• _Work request_: Your job here is to restate every record exactly, pictures excluded.

*** Opening Given data ***

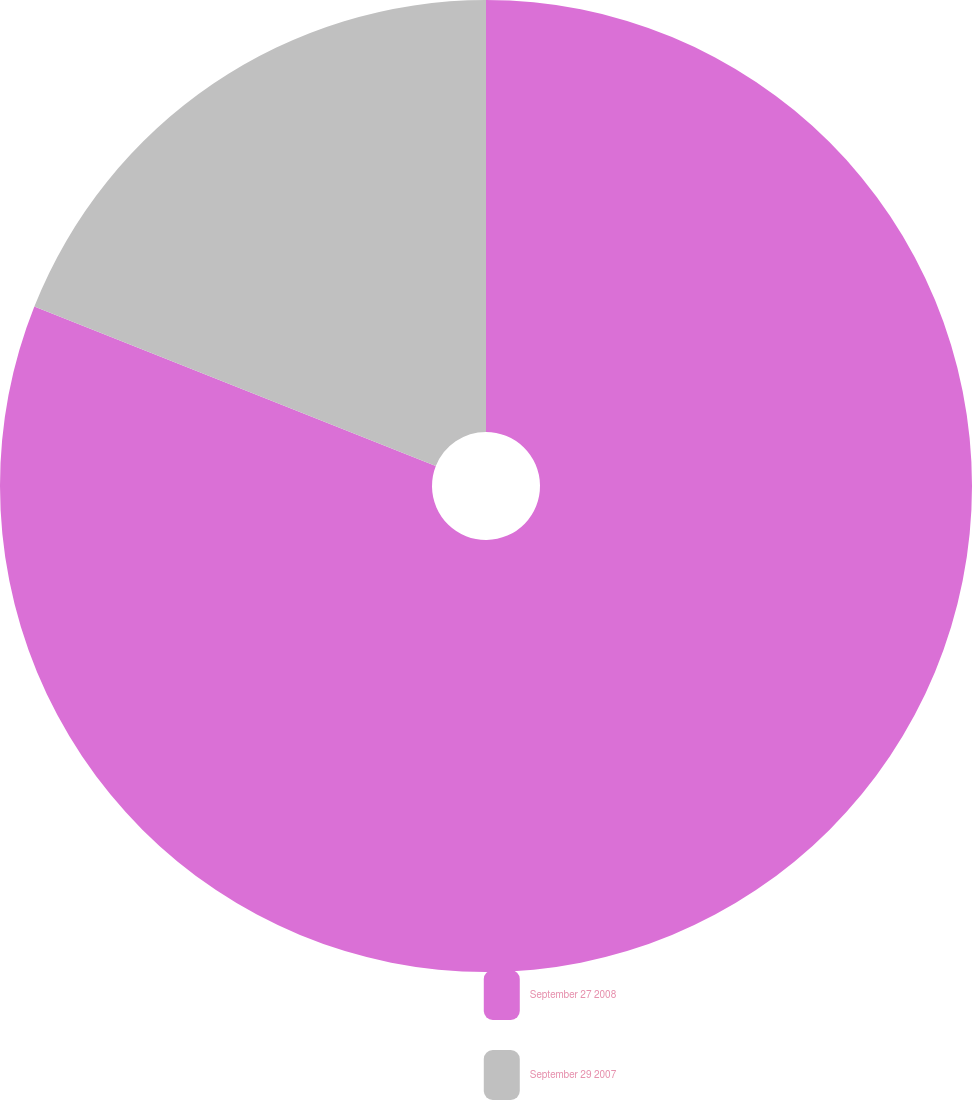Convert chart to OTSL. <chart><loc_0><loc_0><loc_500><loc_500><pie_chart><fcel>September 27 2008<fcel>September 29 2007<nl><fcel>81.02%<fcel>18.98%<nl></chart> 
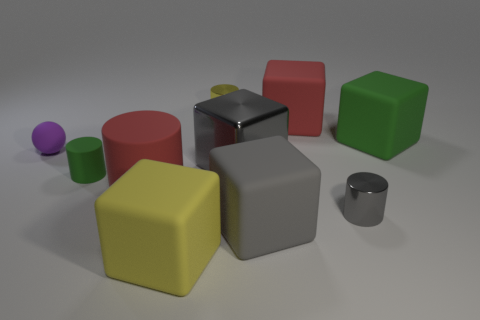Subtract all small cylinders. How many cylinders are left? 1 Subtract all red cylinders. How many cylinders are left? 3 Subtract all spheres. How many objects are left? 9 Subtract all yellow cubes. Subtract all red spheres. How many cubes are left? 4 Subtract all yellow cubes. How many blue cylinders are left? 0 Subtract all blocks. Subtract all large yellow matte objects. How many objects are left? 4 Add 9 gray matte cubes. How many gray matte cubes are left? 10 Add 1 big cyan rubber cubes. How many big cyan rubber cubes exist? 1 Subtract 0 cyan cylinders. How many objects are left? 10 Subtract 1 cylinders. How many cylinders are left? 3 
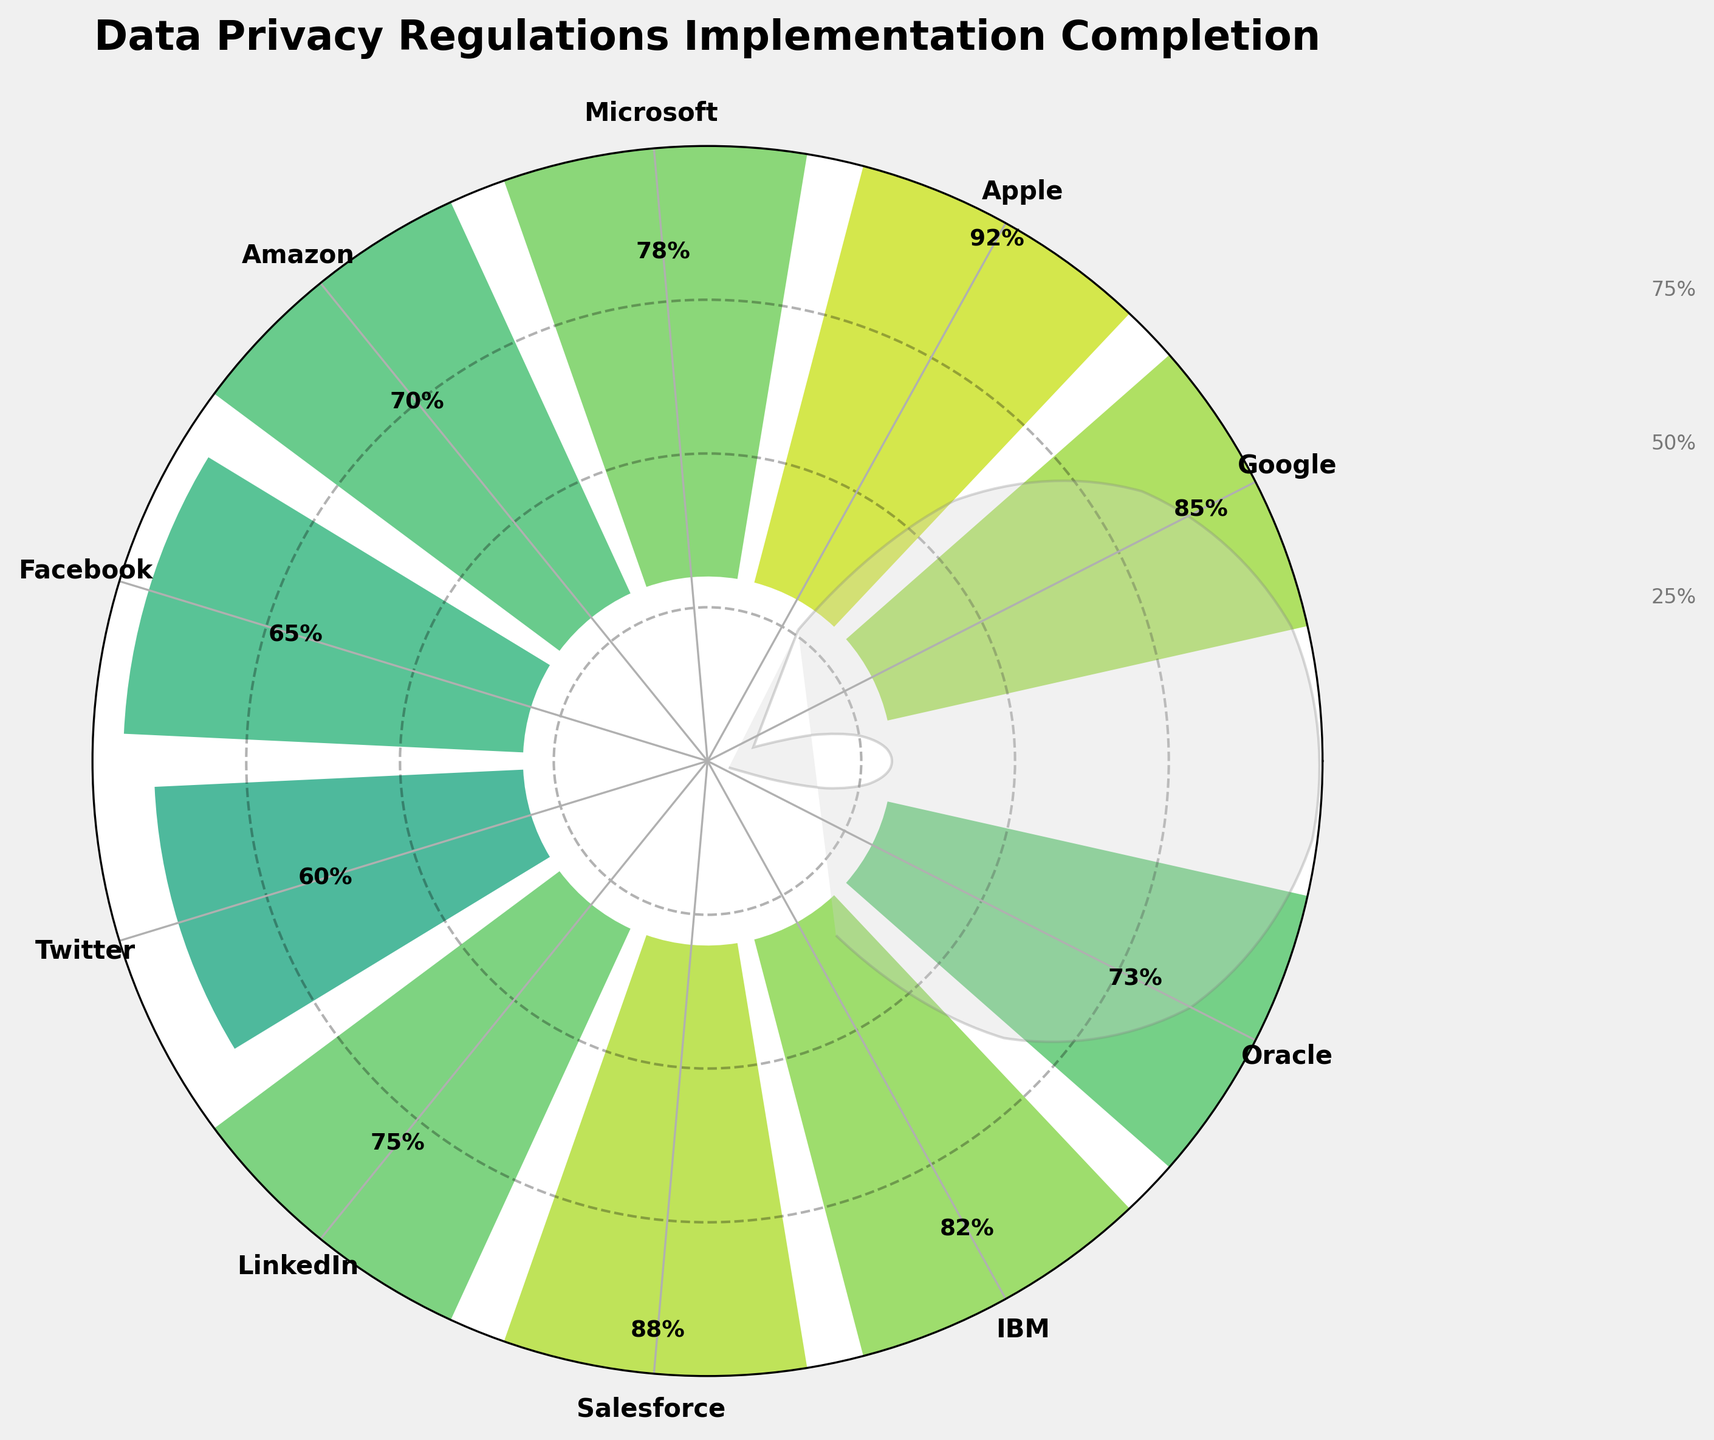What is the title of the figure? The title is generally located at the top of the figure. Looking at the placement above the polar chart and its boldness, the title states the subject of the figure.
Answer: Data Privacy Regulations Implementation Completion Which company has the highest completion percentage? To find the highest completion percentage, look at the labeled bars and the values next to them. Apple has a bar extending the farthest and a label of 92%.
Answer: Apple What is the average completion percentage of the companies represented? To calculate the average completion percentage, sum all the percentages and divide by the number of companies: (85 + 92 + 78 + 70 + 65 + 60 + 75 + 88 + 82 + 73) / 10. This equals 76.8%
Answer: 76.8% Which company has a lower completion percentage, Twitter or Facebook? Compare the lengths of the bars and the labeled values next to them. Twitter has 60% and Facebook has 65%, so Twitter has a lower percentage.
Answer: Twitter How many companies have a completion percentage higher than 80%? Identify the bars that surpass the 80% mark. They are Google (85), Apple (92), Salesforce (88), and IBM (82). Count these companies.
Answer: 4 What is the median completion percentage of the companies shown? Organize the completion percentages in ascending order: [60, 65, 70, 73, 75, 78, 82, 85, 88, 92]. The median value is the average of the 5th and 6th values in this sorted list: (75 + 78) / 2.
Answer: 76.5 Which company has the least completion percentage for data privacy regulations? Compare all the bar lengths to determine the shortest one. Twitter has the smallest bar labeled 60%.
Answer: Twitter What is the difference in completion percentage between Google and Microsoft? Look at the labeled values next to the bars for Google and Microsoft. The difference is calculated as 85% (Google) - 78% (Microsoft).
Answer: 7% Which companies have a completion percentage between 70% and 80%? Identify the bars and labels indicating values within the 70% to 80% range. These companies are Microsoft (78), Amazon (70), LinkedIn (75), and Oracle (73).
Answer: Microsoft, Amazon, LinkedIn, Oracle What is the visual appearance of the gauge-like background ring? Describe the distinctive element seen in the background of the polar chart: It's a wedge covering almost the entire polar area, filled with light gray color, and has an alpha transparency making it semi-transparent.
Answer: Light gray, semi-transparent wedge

*** Closing Given data ***

• _Task answer_:
Convert chart to OTSL. <chart><loc_0><loc_0><loc_500><loc_500><pie_chart><fcel>September 27 2008<fcel>September 29 2007<nl><fcel>81.02%<fcel>18.98%<nl></chart> 
Subtract all small cylinders. How many cylinders are left? 1 Subtract all red cylinders. How many cylinders are left? 3 Subtract all spheres. How many objects are left? 9 Subtract all yellow cubes. Subtract all red spheres. How many cubes are left? 4 Subtract all yellow cubes. How many blue cylinders are left? 0 Subtract all blocks. Subtract all large yellow matte objects. How many objects are left? 4 Add 9 gray matte cubes. How many gray matte cubes are left? 10 Add 1 big cyan rubber cubes. How many big cyan rubber cubes exist? 1 Subtract 0 cyan cylinders. How many objects are left? 10 Subtract 1 cylinders. How many cylinders are left? 3 
What is the title of the figure? The title is generally located at the top of the figure. Looking at the placement above the polar chart and its boldness, the title states the subject of the figure.
Answer: Data Privacy Regulations Implementation Completion Which company has the highest completion percentage? To find the highest completion percentage, look at the labeled bars and the values next to them. Apple has a bar extending the farthest and a label of 92%.
Answer: Apple What is the average completion percentage of the companies represented? To calculate the average completion percentage, sum all the percentages and divide by the number of companies: (85 + 92 + 78 + 70 + 65 + 60 + 75 + 88 + 82 + 73) / 10. This equals 76.8%
Answer: 76.8% Which company has a lower completion percentage, Twitter or Facebook? Compare the lengths of the bars and the labeled values next to them. Twitter has 60% and Facebook has 65%, so Twitter has a lower percentage.
Answer: Twitter How many companies have a completion percentage higher than 80%? Identify the bars that surpass the 80% mark. They are Google (85), Apple (92), Salesforce (88), and IBM (82). Count these companies.
Answer: 4 What is the median completion percentage of the companies shown? Organize the completion percentages in ascending order: [60, 65, 70, 73, 75, 78, 82, 85, 88, 92]. The median value is the average of the 5th and 6th values in this sorted list: (75 + 78) / 2.
Answer: 76.5 Which company has the least completion percentage for data privacy regulations? Compare all the bar lengths to determine the shortest one. Twitter has the smallest bar labeled 60%.
Answer: Twitter What is the difference in completion percentage between Google and Microsoft? Look at the labeled values next to the bars for Google and Microsoft. The difference is calculated as 85% (Google) - 78% (Microsoft).
Answer: 7% Which companies have a completion percentage between 70% and 80%? Identify the bars and labels indicating values within the 70% to 80% range. These companies are Microsoft (78), Amazon (70), LinkedIn (75), and Oracle (73).
Answer: Microsoft, Amazon, LinkedIn, Oracle What is the visual appearance of the gauge-like background ring? Describe the distinctive element seen in the background of the polar chart: It's a wedge covering almost the entire polar area, filled with light gray color, and has an alpha transparency making it semi-transparent.
Answer: Light gray, semi-transparent wedge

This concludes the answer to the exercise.